In a recent newsletter, National Government Services (NGS) reported on a recent prepayment medical review of claims for continuous positive airway pressure (CPAP) devices. NGS, the Durable Medical Equipment Medicare Administrative Contractor for Jurisdiction B, reported that the results of the review of 100 claims indicate a claims error rate of 81 percent.
NGS reports that a number of the claims were denied due to one or more of the following most frequent errors:
- Claims denied due to no documentation received;
- Claims denied due to no or insufficient medical record documentation of face-to-face clinical evaluation for OSA by treating physician prior to sleep study;
- Claims denied due to no or insufficient documentation of clinical re-evaluation between the 31st -91st day of therapy with documented improvement of signs and symptoms; and
- Claims denied due to no or insufficient documentation of adherence to therapy/device usage for four or more hours for 70 percent of a consecutive 30 day period during the first three months of CPAP usage.
A number of other, less frequent errors were also reported.

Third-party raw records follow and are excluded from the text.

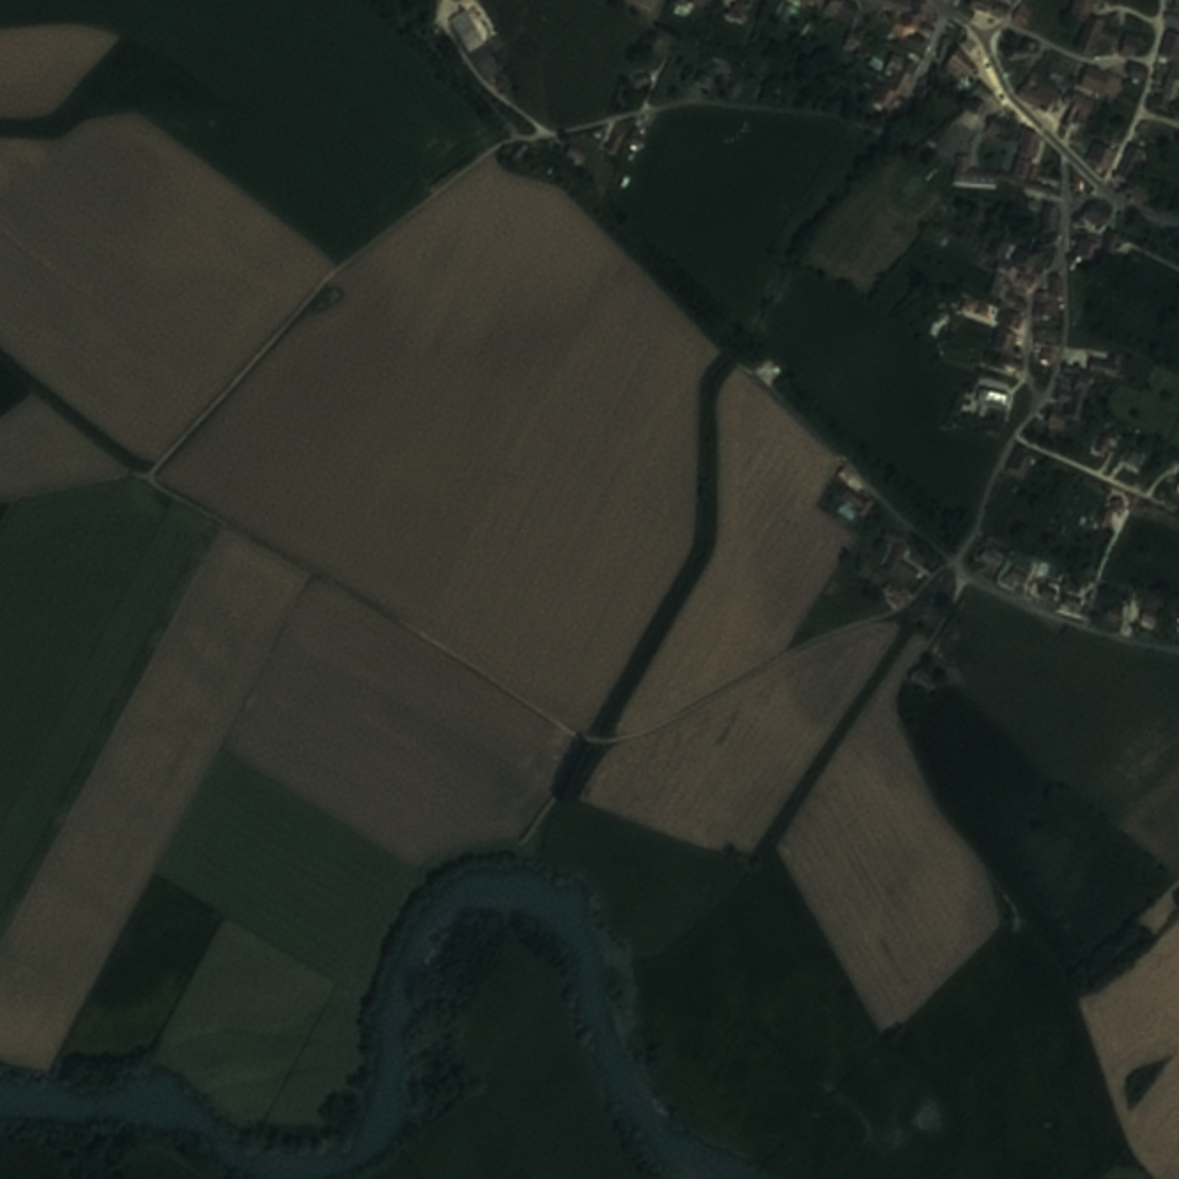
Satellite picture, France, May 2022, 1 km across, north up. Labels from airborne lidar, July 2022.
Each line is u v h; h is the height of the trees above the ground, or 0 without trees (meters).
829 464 0
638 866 0
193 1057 0
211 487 0
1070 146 0
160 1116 0
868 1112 0
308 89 0
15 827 0
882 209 0
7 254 0
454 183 0
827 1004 0
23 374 0
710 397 0
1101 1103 0
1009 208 7
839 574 0
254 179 0
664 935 0
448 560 0
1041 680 0
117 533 0
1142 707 0
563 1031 0
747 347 9
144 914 0
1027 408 0
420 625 0
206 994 0
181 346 0
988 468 0
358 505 0
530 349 0
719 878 0
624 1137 12
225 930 0
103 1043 0
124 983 0
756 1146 0
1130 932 15
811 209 0
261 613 0
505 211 0
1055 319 6
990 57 0
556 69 0
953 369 0
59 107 0
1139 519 0
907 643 0
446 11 0
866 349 0
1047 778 0
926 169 14
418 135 0
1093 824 12
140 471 0
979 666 0
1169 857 0
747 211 0
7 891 0
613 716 0
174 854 0
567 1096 0
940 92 8
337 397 0
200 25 0
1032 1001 0
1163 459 13
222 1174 7
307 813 0
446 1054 15
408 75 0
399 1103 0
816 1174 0
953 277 0
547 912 0
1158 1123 0
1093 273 20
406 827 0
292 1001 0
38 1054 0
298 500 0
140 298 0
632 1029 0
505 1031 0
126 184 0
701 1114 0
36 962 0
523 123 10
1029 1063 0
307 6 0
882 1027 0
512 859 12
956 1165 0
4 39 0
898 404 0
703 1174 0
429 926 0
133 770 0
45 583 0
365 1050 11
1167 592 11
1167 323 14
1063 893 0
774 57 13
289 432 0
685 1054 0
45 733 0
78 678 0
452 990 19
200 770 0
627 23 0
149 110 0
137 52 0
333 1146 14
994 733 0
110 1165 13
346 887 0
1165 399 7
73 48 0
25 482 0
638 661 0
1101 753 0
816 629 0
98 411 0
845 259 0
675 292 6
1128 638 0
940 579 0
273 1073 0
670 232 0
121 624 0
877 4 0
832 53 8
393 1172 0
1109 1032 0
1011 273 0
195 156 0
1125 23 0
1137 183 13
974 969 0
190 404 0
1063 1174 0
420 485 0
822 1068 0
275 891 0
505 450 0
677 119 0
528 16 0
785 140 0
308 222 0
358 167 0
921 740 0
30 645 0
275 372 0
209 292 0
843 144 0
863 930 0
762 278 0
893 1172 0
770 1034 0
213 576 0
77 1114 0
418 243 0
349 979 0
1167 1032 0
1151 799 0
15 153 0
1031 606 0
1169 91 0
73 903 0
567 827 0
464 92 14
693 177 0
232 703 0
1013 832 0
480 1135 0
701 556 0
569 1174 0
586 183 6
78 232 0
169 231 0
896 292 0
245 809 0
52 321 0
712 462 0
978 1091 0
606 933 0
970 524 18
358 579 0
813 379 0
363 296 0
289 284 0
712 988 0
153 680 0
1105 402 15
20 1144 8
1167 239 12
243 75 0
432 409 0
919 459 0
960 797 0
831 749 0
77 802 0
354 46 0
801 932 0
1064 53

NGS reports that following a review of the above described findings, their Medical Review department will continue prepayment review of claims for CPAP. NGS encourages providers to review their local coverage determination (LCD) for Positive Airway Pressure (PAP) Devices for Treatment of Obstructive Sleep Apnea.
Providers who are not located in Jurisdiction B should also consider reviewing their LCD for information on documentation requirements. Providers can access their LCDs using the Medicare Coverage Database search features.